How to display a custom property using facelet expression language?
For example:
<h:outputText value="#{contact.customTypeProperty}" />
where customTypeProperty is of type CustomClass, and I want to display the String returned by its toString()?
That should already be the default behaviour. You don't need to change anything on the given code example, assuming that the toString() method is properly implemented on the CustomClass. However, if it returns HTML, you'd need to add escape="false" to the output text to prevent JSF from auto-escaping it (which it does in order to prevent XSS attacks on user-controlled input):
<h:outputText value="#{contact.customTypeProperty}" escape="false" />
This is however not necessarily the best practice.
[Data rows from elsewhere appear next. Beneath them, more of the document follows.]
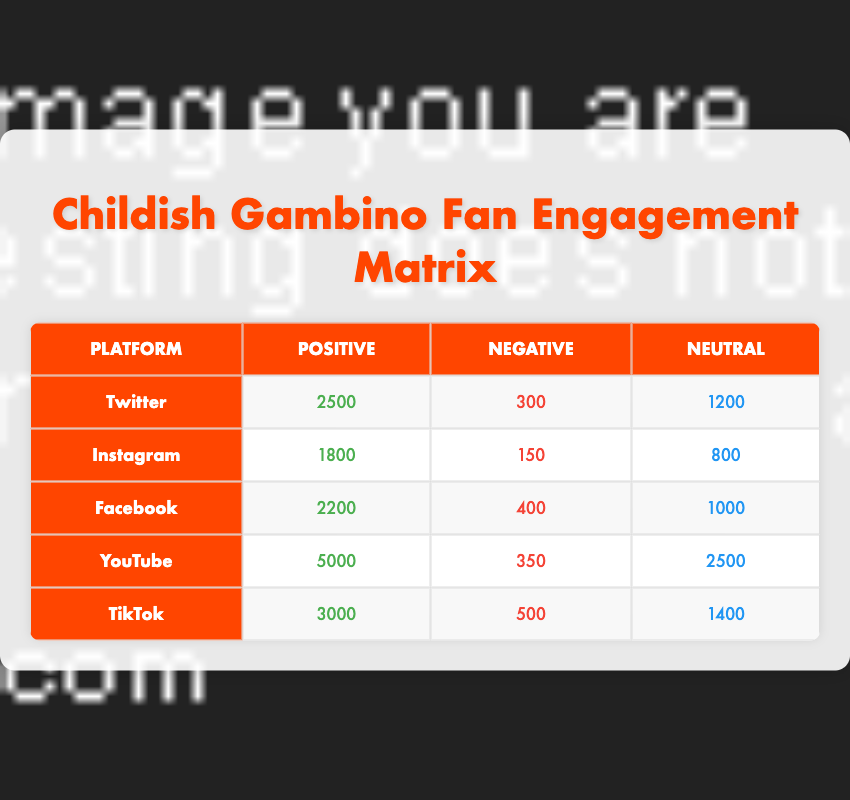What is the total positive engagement across all platforms? To find the total positive engagement, we need to add the positive engagement values from each platform: 2500 (Twitter) + 1800 (Instagram) + 2200 (Facebook) + 5000 (YouTube) + 3000 (TikTok) = 14500.
Answer: 14500 Which platform has the highest number of negative engagements? Checking the negative engagement values from each platform: 300 (Twitter), 150 (Instagram), 400 (Facebook), 350 (YouTube), and 500 (TikTok). The highest is 500 from TikTok.
Answer: TikTok Is the neutral engagement on YouTube greater than that on Instagram? The neutral engagement on YouTube is 2500, while on Instagram it is 800. Since 2500 is greater than 800, the statement is true.
Answer: Yes What is the average negative engagement across all platforms? To find the average, we first sum the negative engagement values: 300 (Twitter) + 150 (Instagram) + 400 (Facebook) + 350 (YouTube) + 500 (TikTok) = 1700. Then, we divide by the number of platforms, which is 5, yielding 1700/5 = 340.
Answer: 340 Which platform has the highest positive engagement? The positive engagement values are: 2500 (Twitter), 1800 (Instagram), 2200 (Facebook), 5000 (YouTube), and 3000 (TikTok). The highest is 5000, found on YouTube.
Answer: YouTube What is the total neutral engagement across all platforms? Adding the neutral engagement values gives: 1200 (Twitter) + 800 (Instagram) + 1000 (Facebook) + 2500 (YouTube) + 1400 (TikTok) = 4900.
Answer: 4900 Is the total engagement on Facebook higher than that on Instagram? For Facebook, the total engagement is 2200 (positive) + 400 (negative) + 1000 (neutral) = 3600. For Instagram, it is 1800 + 150 + 800 = 2750. Since 3600 is greater than 2750, the statement is true.
Answer: Yes What is the difference in positive engagement between TikTok and Twitter? The positive engagement for TikTok is 3000 and for Twitter is 2500. The difference is 3000 - 2500 = 500.
Answer: 500 Which platform has a higher ratio of negative to positive engagement, Instagram or Facebook? For Instagram, the ratio is 150 (negative) / 1800 (positive) = 0.0833. For Facebook, it's 400 / 2200 = 0.1818. Since 0.1818 (Facebook) is greater than 0.0833 (Instagram), Facebook has the higher ratio.
Answer: Facebook

You should control the presentation in the view side, not in a toString() in the model side. For example, assuming that CustomClass has in turn two properties foo and bar and you'd like to present it in a table:
<h:panelGrid columns="2">
<h:outputText value="Foo" />
<h:outputText value="#{contact.customTypeProperty.foo}" />
<h:outputText value="Bar" />
<h:outputText value="#{contact.customTypeProperty.bar}" />
</h:panelGrid>
If you did this to avoid code repetition, then you should actually be using an include file or a tag file. See also When to use <ui:include>, tag files, composite components and/or custom components?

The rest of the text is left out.